Problem: Once the line with "Continue with the forklift (1521,0,1685,75)." is found in the data, output it and each following line exactly, up to and including the line with "7. person (522, 107, 573, 249)", and nothing before or after.

####

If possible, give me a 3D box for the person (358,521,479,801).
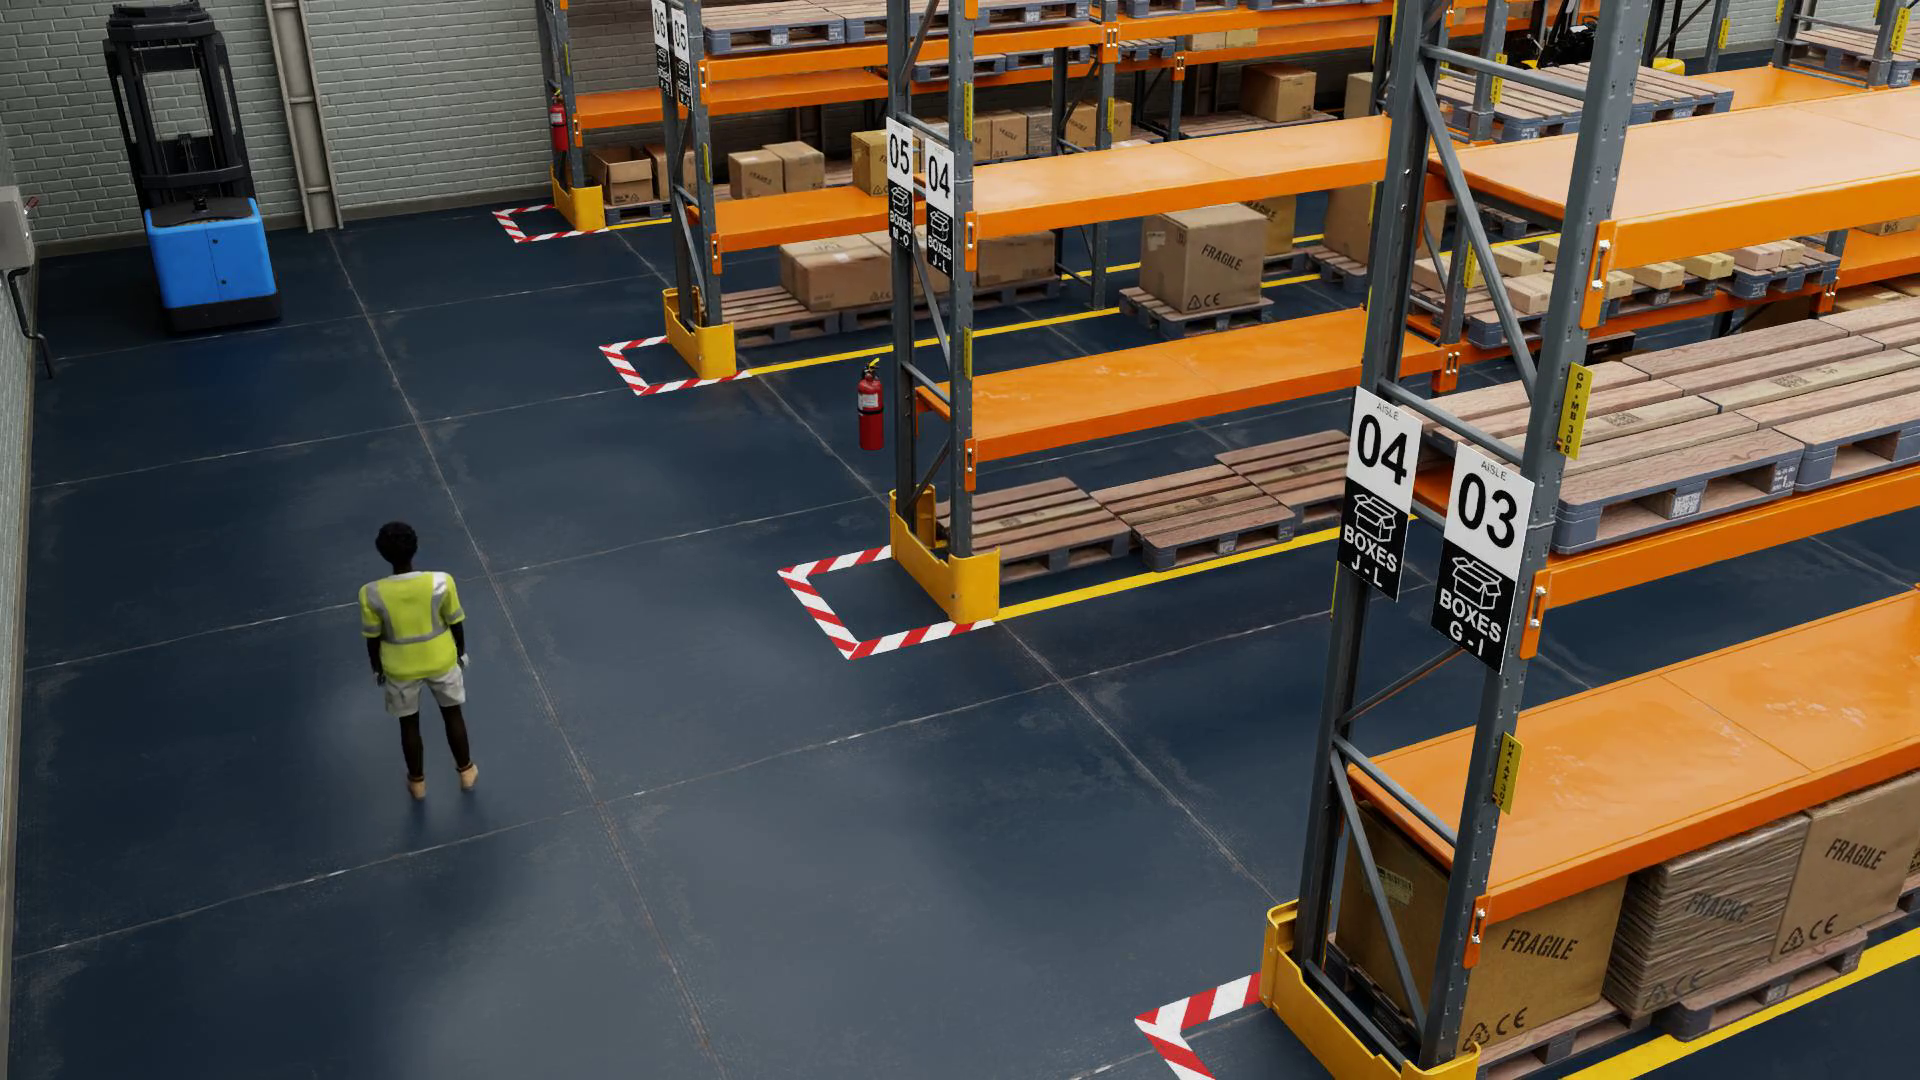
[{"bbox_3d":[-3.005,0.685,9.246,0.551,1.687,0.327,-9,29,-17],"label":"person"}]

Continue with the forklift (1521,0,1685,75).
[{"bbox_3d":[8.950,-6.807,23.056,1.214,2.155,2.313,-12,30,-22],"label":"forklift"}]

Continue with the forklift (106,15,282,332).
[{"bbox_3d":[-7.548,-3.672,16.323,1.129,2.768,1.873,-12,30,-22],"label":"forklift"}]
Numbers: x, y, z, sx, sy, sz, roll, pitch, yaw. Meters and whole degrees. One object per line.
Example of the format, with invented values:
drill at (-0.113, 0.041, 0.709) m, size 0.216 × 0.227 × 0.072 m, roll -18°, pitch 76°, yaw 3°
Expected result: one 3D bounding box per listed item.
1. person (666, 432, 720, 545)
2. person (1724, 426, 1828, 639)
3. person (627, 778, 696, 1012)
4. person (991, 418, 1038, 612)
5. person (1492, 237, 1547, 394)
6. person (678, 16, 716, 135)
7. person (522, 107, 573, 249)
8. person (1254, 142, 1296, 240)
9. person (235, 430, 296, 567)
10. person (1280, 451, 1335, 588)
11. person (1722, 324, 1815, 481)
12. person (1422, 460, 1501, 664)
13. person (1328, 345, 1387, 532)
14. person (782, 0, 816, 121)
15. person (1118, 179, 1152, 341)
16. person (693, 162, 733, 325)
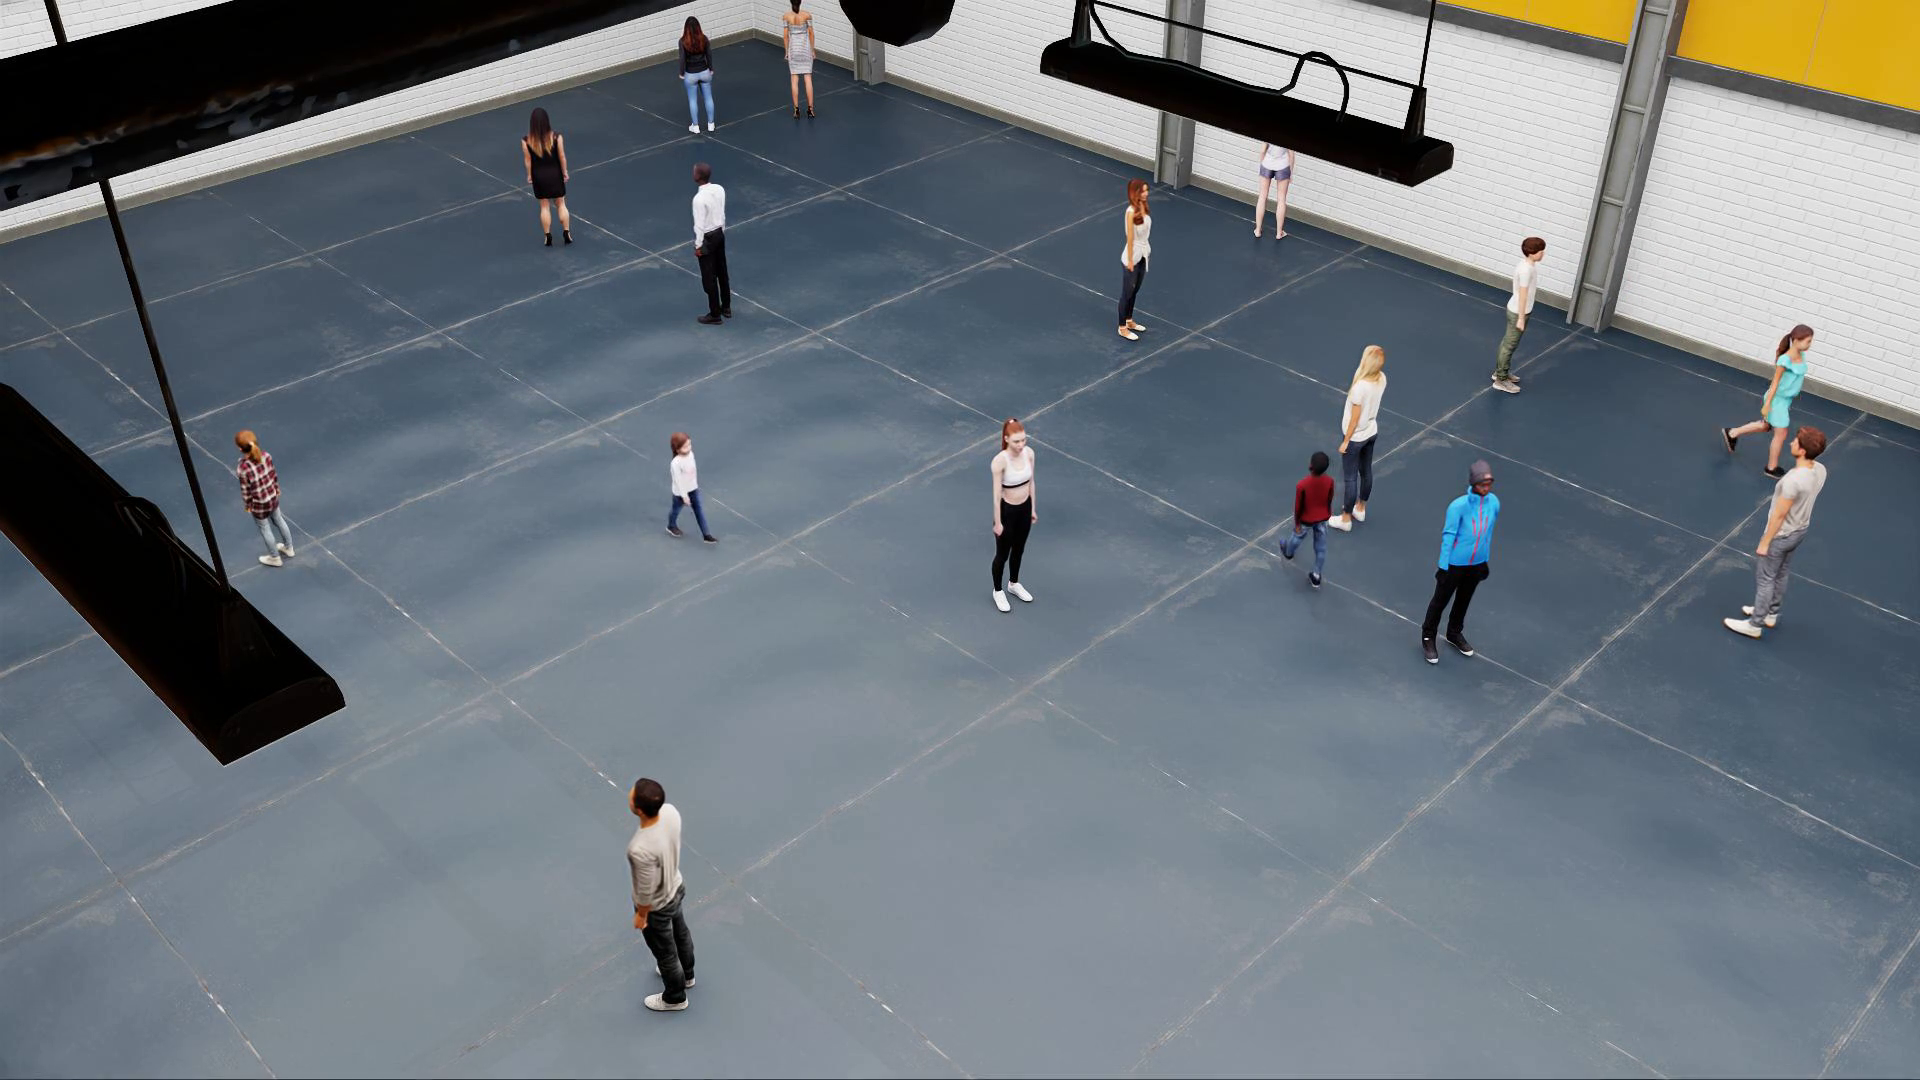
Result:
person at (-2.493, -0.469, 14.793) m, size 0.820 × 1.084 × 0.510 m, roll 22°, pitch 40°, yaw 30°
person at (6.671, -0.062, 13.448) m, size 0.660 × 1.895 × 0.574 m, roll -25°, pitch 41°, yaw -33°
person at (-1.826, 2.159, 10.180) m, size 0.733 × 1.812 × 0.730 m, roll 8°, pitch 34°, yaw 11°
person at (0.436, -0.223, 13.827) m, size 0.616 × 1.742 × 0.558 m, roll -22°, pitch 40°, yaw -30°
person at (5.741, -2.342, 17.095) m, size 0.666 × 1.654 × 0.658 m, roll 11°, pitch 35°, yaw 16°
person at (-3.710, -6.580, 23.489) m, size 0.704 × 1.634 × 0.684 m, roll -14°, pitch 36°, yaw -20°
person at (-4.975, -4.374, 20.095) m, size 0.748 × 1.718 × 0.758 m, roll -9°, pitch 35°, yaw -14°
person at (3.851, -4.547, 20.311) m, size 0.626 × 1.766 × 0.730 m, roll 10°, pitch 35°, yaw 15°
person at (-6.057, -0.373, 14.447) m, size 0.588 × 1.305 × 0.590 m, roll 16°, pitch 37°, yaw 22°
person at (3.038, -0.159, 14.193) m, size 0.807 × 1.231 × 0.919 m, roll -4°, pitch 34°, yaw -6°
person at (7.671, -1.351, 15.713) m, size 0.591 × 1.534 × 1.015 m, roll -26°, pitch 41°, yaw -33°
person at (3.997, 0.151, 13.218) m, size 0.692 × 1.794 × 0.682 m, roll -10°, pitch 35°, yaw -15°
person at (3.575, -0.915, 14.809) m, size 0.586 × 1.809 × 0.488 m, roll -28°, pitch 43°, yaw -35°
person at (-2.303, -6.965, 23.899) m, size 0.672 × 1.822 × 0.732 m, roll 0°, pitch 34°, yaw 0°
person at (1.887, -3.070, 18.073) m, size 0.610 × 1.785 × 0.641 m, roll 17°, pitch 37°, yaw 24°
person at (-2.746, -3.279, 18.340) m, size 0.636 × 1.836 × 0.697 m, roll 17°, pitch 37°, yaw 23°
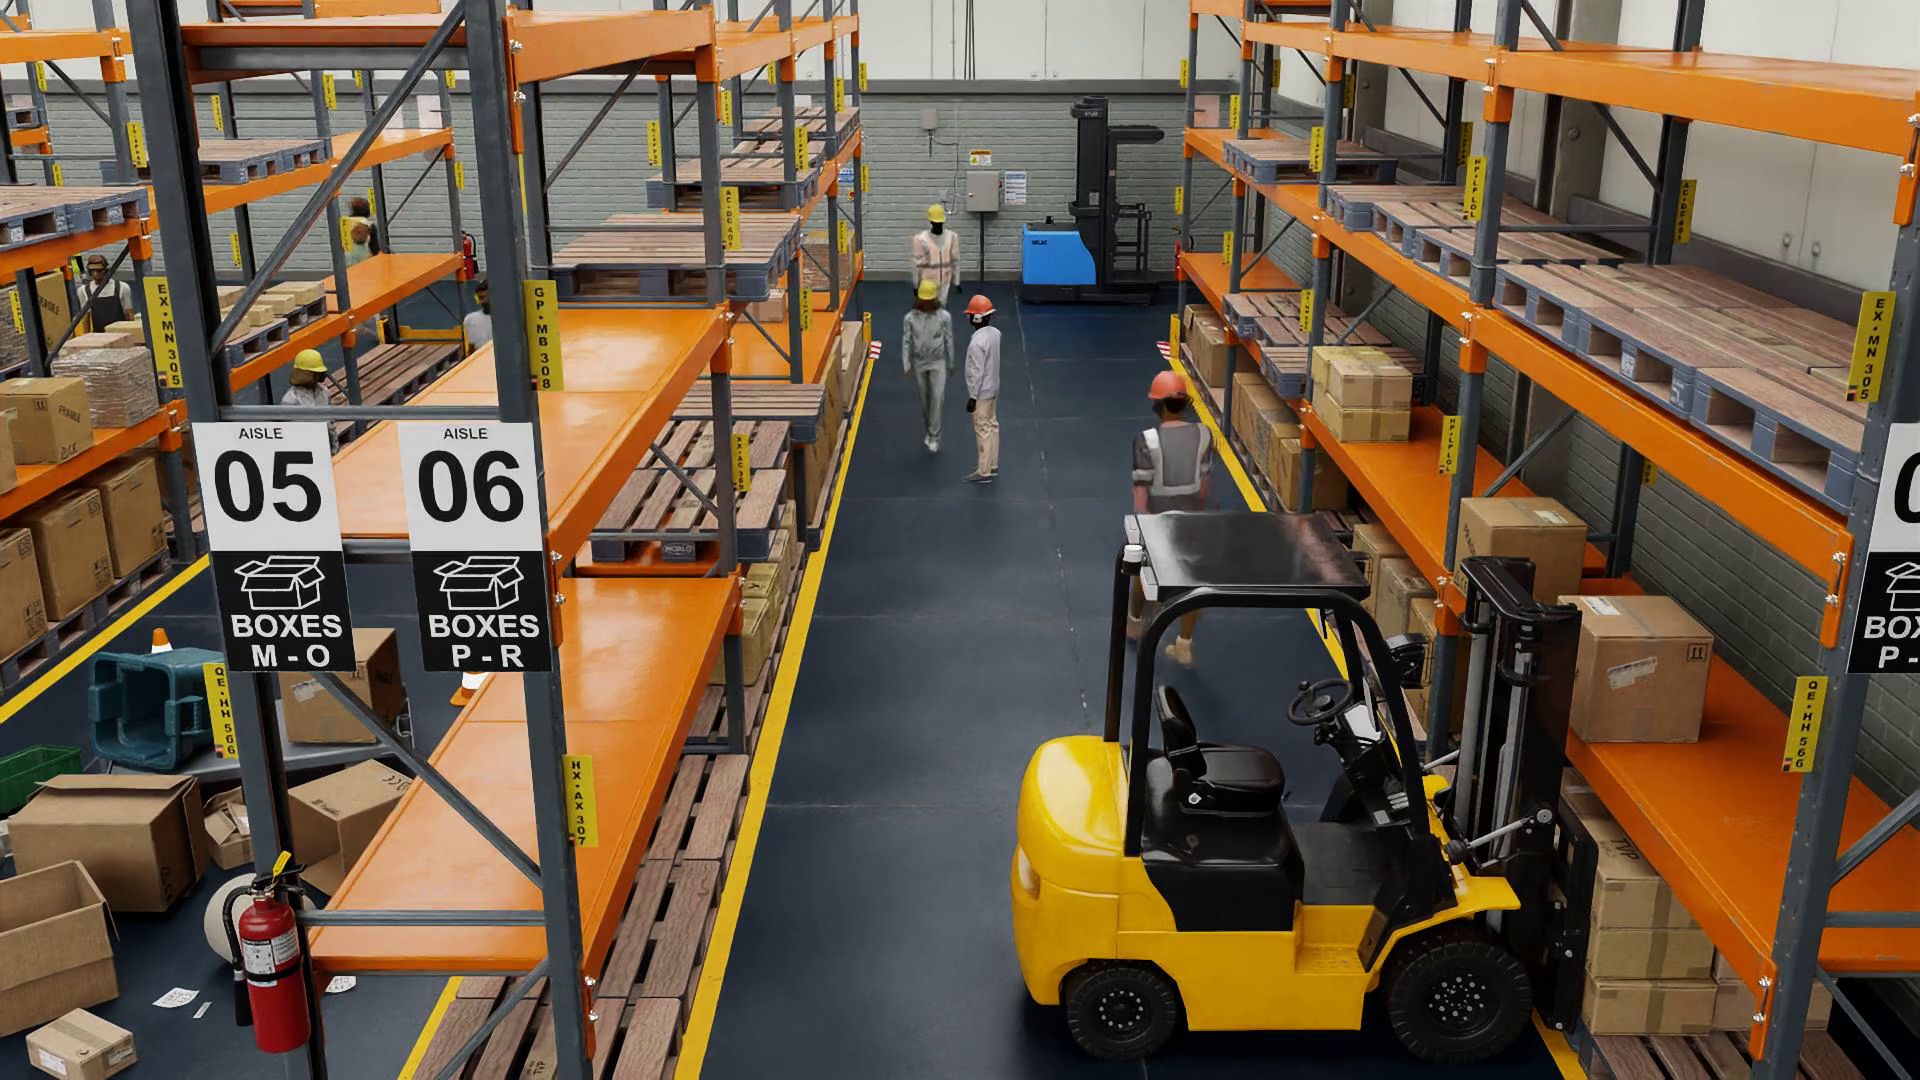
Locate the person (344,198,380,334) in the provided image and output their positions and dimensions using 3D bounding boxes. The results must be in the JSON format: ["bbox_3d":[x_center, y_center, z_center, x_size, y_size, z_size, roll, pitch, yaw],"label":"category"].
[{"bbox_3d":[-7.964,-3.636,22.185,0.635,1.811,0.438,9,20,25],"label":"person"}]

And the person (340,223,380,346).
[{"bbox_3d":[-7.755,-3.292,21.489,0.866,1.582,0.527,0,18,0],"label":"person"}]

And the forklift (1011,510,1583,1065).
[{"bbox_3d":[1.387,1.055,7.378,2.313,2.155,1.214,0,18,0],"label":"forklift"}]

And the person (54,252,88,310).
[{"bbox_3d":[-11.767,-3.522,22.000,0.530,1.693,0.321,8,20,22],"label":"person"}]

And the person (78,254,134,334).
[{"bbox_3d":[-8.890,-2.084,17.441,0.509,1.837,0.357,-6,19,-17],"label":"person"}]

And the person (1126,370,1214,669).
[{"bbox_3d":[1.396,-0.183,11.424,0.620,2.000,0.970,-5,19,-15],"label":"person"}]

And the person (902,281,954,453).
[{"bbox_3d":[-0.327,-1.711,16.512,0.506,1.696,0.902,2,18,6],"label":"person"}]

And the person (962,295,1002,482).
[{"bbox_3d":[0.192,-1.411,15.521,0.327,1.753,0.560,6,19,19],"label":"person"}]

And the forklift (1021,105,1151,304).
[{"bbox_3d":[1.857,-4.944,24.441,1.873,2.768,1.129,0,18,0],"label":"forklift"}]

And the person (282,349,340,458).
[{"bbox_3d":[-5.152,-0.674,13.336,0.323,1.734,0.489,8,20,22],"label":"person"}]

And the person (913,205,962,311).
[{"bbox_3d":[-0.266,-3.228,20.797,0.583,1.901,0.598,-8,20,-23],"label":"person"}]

####

Exercise answer:
Continue with the forklift (1521,0,1685,75).
[{"bbox_3d":[8.950,-6.807,23.056,1.214,2.155,2.313,-12,30,-22],"label":"forklift"}]

Continue with the forklift (106,15,282,332).
[{"bbox_3d":[-7.548,-3.672,16.323,1.129,2.768,1.873,-12,30,-22],"label":"forklift"}]
Numbers: x, y, z, sx, sy, sz, roll, pitch, yaw. Meters and whole degrees. One object per line.
Example of the format, with invented values:
drill at (-0.113, 0.041, 0.709) m, size 0.216 × 0.227 × 0.072 m, roll -18°, pitch 76°, yaw 3°
Expected result: one 3D bounding box per listed item.
1. person (666, 432, 720, 545)
2. person (1724, 426, 1828, 639)
3. person (627, 778, 696, 1012)
4. person (991, 418, 1038, 612)
5. person (1492, 237, 1547, 394)
6. person (678, 16, 716, 135)
7. person (522, 107, 573, 249)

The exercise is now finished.